Material for this exercise:
◇ ◇ ◇ ◇

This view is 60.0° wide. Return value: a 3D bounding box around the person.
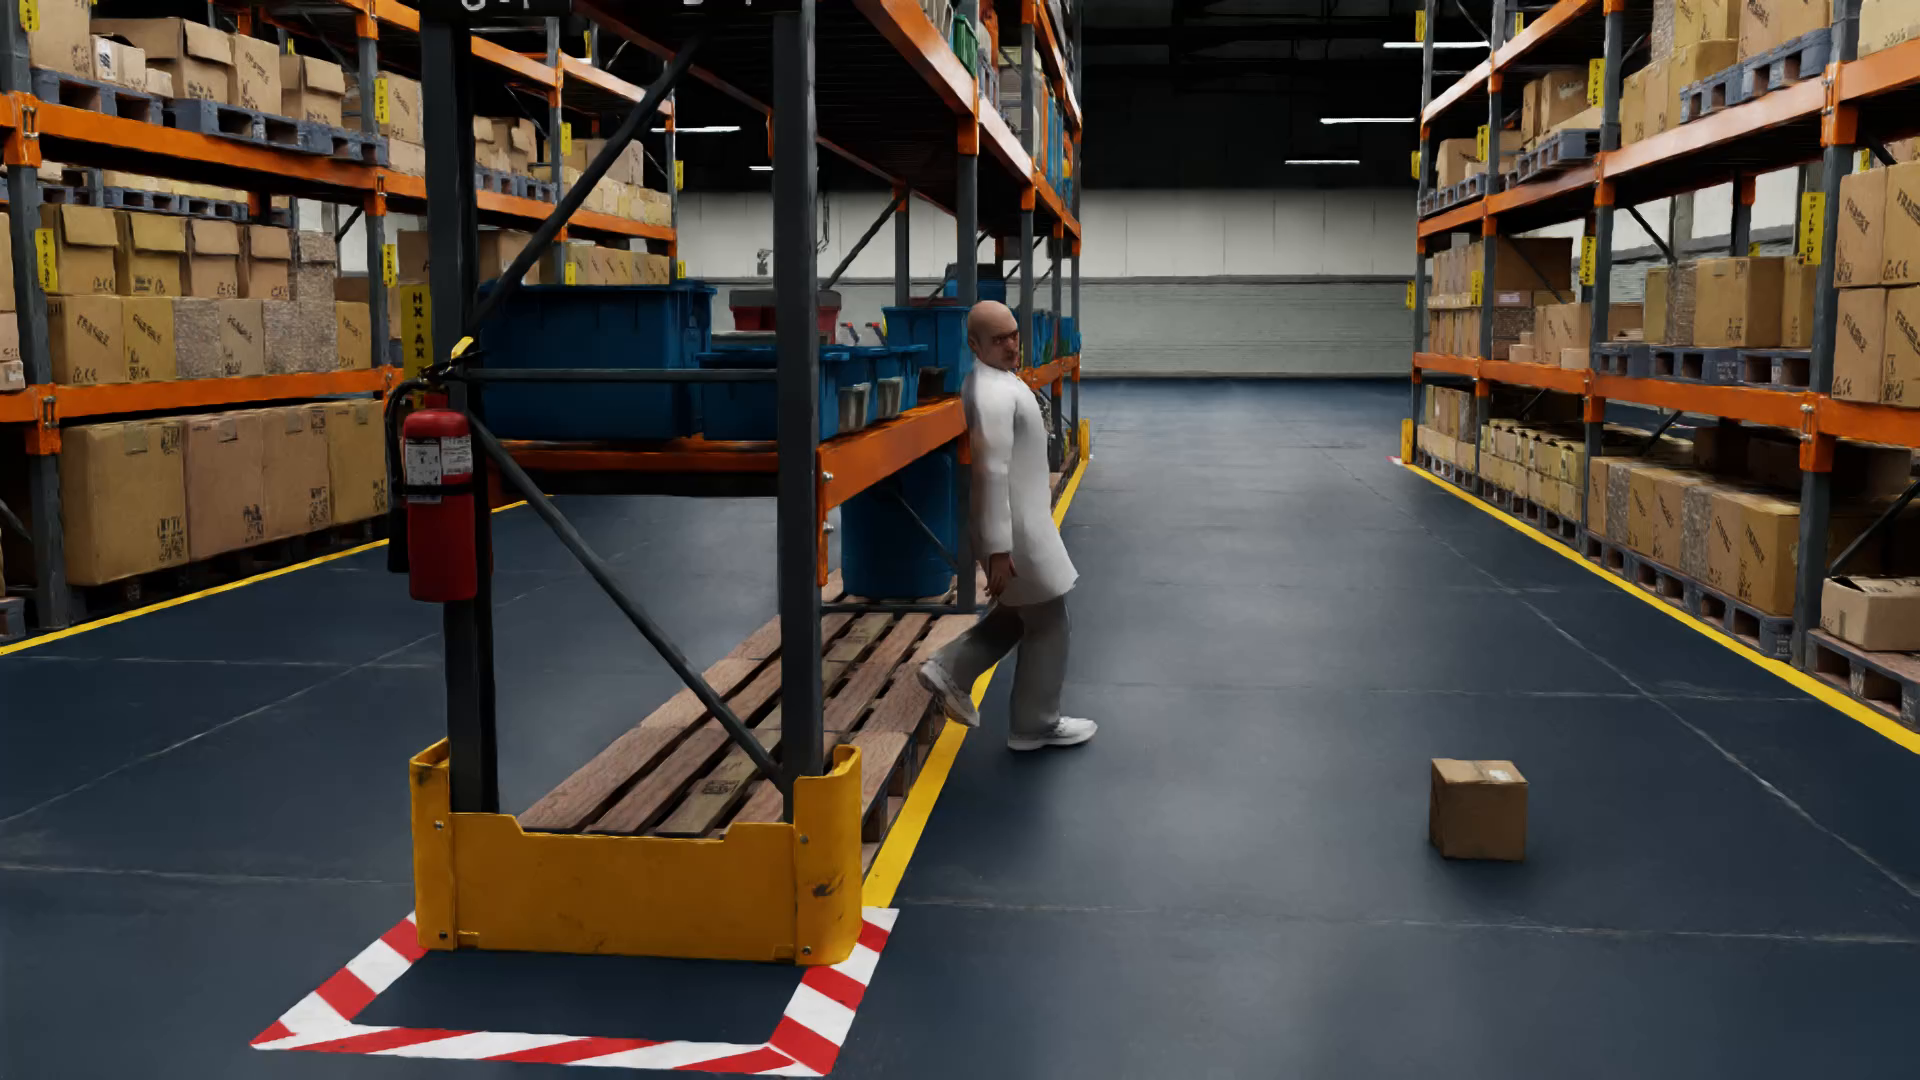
[{"bbox_3d":[0.217,-0.029,6.253,0.715,1.728,0.626,-1,8,-10],"label":"person"}]
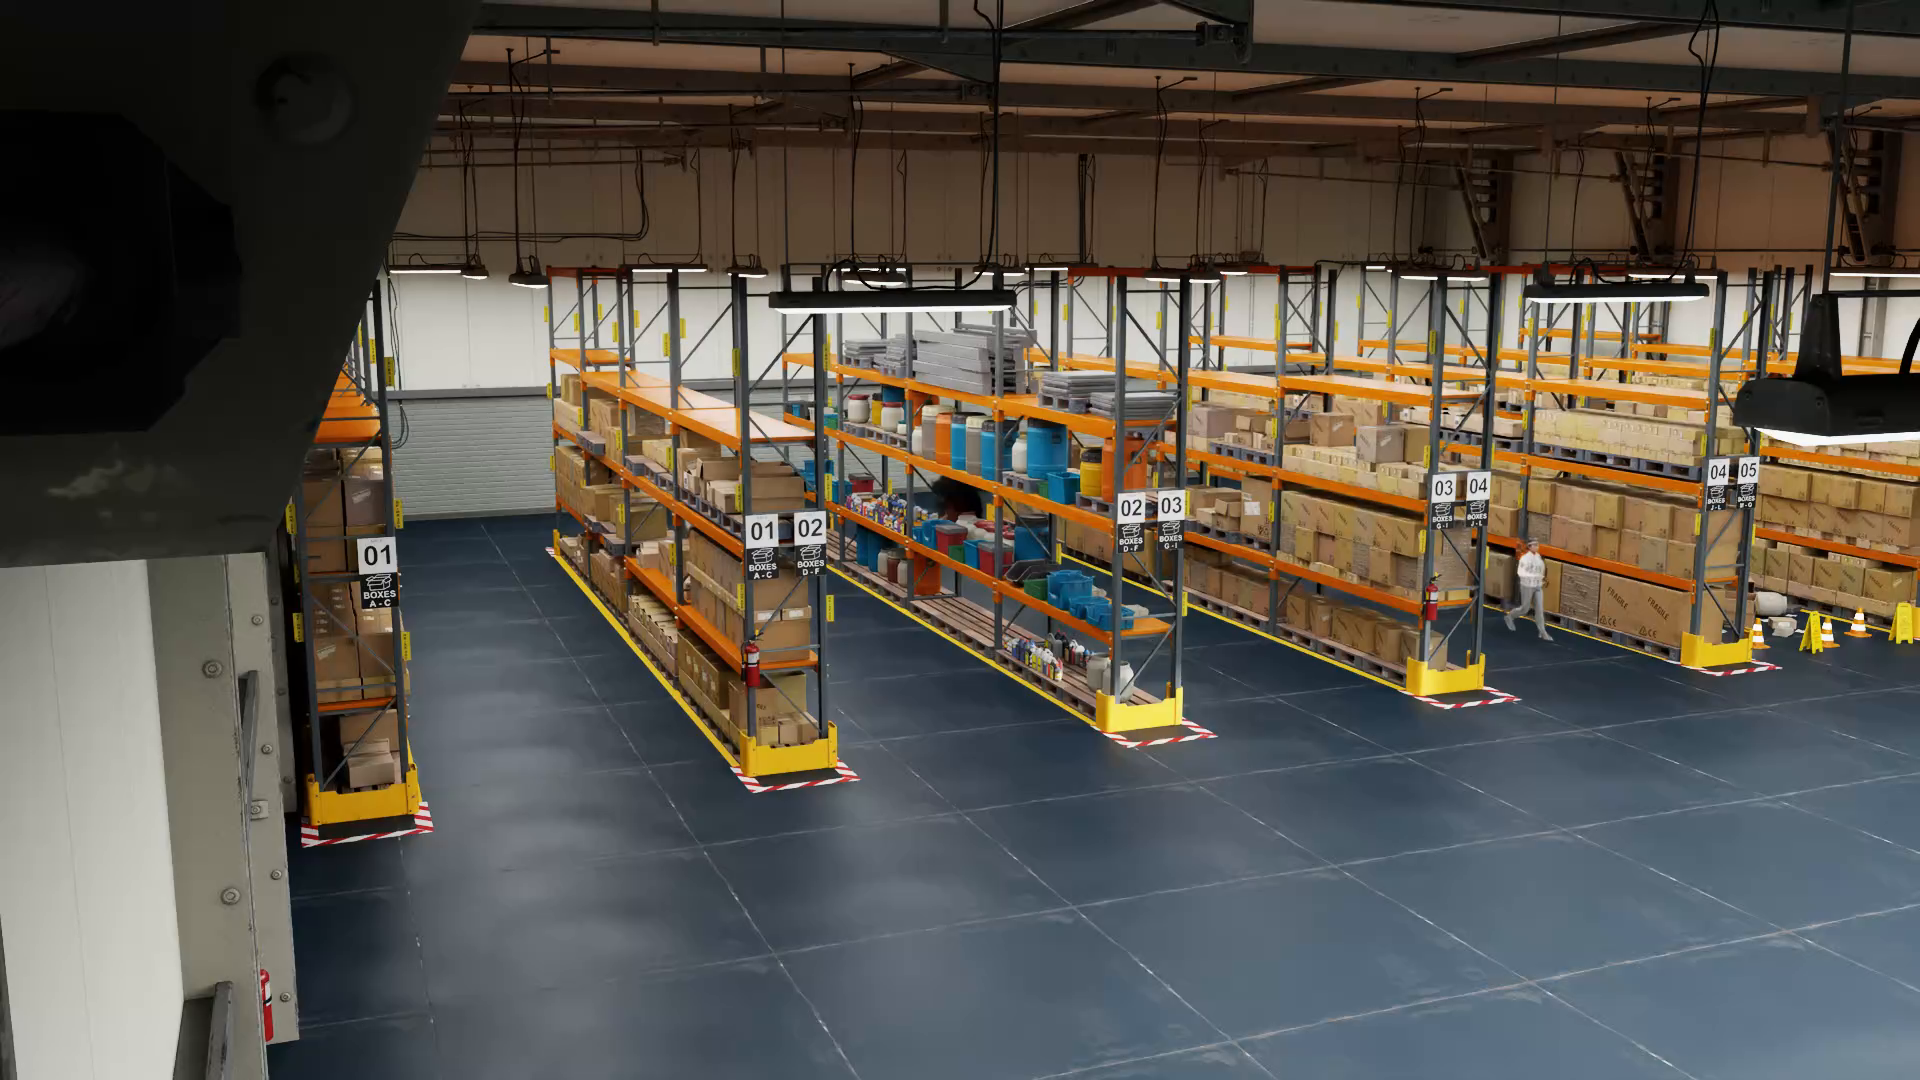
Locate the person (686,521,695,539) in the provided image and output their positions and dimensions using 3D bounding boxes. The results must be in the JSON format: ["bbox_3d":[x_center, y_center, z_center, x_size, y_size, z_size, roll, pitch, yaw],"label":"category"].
[{"bbox_3d":[-5.617,-0.515,34.401,0.659,1.765,0.944,-6,11,-30],"label":"person"}]

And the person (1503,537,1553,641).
[{"bbox_3d":[9.357,0.761,27.214,0.617,1.667,0.957,-6,11,-29],"label":"person"}]

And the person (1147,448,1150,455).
[{"bbox_3d":[4.408,-1.466,40.786,0.747,1.473,0.479,6,12,32],"label":"person"}]

◇ ◇ ◇ ◇

What you have to do:
Line by line, output the material above exactly, passing over the pictures.

Answer area:
This view is 60.0° wide. Return value: a 3D bounding box around the person.
[{"bbox_3d":[0.217,-0.029,6.253,0.715,1.728,0.626,-1,8,-10],"label":"person"}]
Locate the person (686,521,695,539) in the provided image and output their positions and dimensions using 3D bounding boxes. The results must be in the JSON format: ["bbox_3d":[x_center, y_center, z_center, x_size, y_size, z_size, roll, pitch, yaw],"label":"category"].
[{"bbox_3d":[-5.617,-0.515,34.401,0.659,1.765,0.944,-6,11,-30],"label":"person"}]

And the person (1503,537,1553,641).
[{"bbox_3d":[9.357,0.761,27.214,0.617,1.667,0.957,-6,11,-29],"label":"person"}]

And the person (1147,448,1150,455).
[{"bbox_3d":[4.408,-1.466,40.786,0.747,1.473,0.479,6,12,32],"label":"person"}]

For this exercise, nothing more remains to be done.